The West Indian cricket team toured Australia from October to December 2022 to play two Test matches and two Twenty20 Internationals (T20Is). The T20Is formed part of both teams' preparations for the 2022 ICC Men's T20 World Cup, while the Test matches formed part of the 2021–2023 ICC World Test Championship. In May 2022, Cricket Australia confirmed the fixtures for the tour.

Australia won the T20I series 2–0, and the Test series 2–0, retaining the Frank Worrell Trophy in the process.

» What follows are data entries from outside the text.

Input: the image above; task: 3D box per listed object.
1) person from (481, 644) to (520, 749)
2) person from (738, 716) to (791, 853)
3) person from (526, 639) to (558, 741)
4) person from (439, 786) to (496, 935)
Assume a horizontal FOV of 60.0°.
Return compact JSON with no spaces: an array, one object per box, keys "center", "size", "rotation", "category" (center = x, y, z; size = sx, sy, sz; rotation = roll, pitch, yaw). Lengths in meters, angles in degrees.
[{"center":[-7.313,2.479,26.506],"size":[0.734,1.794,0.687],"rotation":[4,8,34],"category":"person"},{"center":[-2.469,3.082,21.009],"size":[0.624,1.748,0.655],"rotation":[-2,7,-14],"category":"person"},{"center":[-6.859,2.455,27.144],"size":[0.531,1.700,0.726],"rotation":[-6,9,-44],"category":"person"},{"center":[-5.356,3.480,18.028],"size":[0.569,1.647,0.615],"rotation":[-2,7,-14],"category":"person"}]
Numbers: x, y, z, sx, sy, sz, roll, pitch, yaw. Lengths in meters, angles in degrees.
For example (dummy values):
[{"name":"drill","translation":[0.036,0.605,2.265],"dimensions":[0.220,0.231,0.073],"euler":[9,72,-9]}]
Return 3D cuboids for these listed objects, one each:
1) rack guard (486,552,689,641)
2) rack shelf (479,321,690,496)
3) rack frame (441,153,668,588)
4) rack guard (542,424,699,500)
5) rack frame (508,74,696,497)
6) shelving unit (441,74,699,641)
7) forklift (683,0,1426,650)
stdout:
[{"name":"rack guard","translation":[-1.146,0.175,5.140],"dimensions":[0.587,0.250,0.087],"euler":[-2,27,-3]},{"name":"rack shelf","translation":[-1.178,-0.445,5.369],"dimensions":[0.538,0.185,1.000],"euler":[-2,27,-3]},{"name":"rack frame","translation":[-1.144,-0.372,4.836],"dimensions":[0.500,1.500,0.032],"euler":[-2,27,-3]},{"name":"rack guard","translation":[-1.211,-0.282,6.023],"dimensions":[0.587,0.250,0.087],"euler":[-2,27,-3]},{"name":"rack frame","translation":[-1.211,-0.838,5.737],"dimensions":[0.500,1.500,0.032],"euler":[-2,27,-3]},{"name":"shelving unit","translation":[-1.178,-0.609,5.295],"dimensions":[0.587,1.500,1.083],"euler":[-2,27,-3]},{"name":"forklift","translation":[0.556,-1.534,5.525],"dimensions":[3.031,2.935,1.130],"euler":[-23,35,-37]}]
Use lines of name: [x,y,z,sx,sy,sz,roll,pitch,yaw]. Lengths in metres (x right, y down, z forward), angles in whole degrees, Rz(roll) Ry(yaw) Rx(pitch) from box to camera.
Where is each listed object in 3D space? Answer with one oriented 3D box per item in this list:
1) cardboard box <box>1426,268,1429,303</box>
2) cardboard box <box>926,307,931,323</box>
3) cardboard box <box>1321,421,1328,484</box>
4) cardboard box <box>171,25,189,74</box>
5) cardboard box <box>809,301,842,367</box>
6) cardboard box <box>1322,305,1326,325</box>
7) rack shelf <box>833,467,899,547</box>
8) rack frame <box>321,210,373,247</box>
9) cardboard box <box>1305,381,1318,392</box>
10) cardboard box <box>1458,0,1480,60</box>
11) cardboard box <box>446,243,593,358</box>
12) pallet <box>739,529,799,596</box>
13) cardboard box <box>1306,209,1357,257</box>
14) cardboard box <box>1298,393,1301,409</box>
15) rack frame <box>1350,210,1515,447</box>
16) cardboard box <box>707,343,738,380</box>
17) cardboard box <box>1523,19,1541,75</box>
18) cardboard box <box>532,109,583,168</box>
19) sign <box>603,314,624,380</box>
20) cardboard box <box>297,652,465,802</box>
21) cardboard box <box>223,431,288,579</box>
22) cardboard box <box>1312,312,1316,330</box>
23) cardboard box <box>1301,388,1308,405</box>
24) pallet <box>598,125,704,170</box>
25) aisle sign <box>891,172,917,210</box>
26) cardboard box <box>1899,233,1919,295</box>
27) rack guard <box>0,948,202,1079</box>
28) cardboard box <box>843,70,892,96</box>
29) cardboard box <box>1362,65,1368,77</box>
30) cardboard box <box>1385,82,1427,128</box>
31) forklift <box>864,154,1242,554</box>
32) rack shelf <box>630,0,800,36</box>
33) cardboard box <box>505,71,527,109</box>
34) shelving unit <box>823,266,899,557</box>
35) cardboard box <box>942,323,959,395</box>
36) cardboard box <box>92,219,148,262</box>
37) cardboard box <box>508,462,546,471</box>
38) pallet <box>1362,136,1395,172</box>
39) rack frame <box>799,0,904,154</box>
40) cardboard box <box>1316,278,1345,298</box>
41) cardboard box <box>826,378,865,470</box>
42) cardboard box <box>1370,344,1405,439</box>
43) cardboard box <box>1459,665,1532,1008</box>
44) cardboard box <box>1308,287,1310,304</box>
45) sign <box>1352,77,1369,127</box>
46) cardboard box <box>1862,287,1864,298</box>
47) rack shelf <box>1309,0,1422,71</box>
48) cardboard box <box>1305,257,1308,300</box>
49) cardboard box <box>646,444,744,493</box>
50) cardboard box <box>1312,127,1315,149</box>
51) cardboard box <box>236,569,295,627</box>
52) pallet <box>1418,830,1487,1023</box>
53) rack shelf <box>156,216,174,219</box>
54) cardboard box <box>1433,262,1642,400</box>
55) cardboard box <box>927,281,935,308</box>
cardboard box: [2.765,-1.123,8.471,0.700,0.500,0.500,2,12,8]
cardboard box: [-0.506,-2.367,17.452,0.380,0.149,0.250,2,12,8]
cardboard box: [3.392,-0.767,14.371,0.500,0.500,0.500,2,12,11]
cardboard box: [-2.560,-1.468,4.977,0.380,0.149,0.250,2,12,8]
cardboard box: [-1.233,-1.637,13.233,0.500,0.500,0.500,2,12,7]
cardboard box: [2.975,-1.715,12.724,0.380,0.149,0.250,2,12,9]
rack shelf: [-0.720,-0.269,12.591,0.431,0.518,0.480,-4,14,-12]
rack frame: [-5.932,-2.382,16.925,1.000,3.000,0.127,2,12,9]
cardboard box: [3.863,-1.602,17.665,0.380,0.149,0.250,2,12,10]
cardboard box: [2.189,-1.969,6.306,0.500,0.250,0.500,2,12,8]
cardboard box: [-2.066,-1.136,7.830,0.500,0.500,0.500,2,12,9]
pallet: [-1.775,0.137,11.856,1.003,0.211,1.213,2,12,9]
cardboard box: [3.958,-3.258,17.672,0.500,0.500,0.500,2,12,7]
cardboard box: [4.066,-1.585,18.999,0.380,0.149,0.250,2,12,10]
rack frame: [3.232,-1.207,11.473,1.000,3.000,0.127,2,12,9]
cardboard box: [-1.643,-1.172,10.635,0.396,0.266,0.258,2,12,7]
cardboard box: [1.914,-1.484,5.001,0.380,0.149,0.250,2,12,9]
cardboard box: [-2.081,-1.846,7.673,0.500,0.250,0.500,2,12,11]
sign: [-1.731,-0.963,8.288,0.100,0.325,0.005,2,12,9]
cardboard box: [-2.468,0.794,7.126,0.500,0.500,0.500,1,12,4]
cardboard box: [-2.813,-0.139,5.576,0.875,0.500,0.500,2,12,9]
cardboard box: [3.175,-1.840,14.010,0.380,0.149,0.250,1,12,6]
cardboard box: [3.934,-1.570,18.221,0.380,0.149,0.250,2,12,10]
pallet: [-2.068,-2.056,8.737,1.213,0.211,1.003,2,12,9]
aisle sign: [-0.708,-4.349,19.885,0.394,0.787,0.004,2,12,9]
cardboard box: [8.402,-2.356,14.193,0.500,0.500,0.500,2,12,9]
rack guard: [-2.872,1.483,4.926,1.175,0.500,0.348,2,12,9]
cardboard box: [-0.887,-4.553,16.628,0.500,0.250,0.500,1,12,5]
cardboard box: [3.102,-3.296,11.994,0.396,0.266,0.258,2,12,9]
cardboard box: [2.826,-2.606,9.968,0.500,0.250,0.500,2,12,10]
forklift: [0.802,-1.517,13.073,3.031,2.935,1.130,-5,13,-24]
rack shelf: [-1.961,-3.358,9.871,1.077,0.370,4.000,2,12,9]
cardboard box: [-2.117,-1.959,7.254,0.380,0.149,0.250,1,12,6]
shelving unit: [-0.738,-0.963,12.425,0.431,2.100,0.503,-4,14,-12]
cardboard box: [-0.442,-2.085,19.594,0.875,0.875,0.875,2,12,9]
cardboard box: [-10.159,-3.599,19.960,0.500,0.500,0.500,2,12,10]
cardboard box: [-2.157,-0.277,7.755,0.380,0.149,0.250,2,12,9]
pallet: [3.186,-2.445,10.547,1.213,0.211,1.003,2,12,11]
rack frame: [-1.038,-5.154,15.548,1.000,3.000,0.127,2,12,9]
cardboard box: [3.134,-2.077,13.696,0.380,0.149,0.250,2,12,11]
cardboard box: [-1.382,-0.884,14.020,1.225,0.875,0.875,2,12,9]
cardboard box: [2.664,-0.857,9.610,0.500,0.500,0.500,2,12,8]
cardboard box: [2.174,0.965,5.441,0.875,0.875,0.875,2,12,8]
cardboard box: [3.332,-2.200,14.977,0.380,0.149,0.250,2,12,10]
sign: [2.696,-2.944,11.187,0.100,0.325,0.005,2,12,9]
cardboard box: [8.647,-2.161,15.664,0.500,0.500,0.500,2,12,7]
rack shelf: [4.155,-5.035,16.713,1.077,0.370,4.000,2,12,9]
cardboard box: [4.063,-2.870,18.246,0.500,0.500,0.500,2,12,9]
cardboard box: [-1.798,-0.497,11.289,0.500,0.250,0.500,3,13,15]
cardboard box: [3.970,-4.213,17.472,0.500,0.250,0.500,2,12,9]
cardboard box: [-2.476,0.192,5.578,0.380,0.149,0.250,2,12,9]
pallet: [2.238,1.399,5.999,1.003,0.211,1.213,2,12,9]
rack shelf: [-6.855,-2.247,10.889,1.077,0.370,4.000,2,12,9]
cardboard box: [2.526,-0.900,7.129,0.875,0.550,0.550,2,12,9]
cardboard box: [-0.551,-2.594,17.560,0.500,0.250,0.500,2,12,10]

Marnus Labuschagne scored 502 runs in the Test series, the most by any Australian in a two-Test series, surpassing Matthew Hayden's 501 against Zimbabwe in 2003–04.

Background

Originally, the tour was scheduled to take place in October 2020. On 28 May 2020, Cricket Australia confirmed the fixtures for the series. Originally, the matches would have been used as warm-up fixtures for the 2020 ICC Men's T20 World Cup. However, in July 2020, the International Cricket Council (ICC) postponed the T20 World Cup until 2021 due to the COVID-19 pandemic. In August 2020, the three T20I matches were also postponed due to the pandemic, and a fixture clash with the revised schedule for the 2020 Indian Premier League.

Squads

Shimron Hetmyer was ruled out after missing his flight to Australia and was replaced by Shamarh Brooks. Marcus Stoinis was ruled out due to an injury. On 6 October 2022, Cricket Australia announced that Mitchell Marsh would miss the second T20I due to a concern over his ankle injury. Before the start of the first Test, Raymon Reifer was ruled out of West Indies' Test squad due to a groin injury.
Ahead of the second Test, Lance Morris and Michael Neser were added to Australia's test squad,  whereas  Marquino Mindley was added to the West Indies' test squad.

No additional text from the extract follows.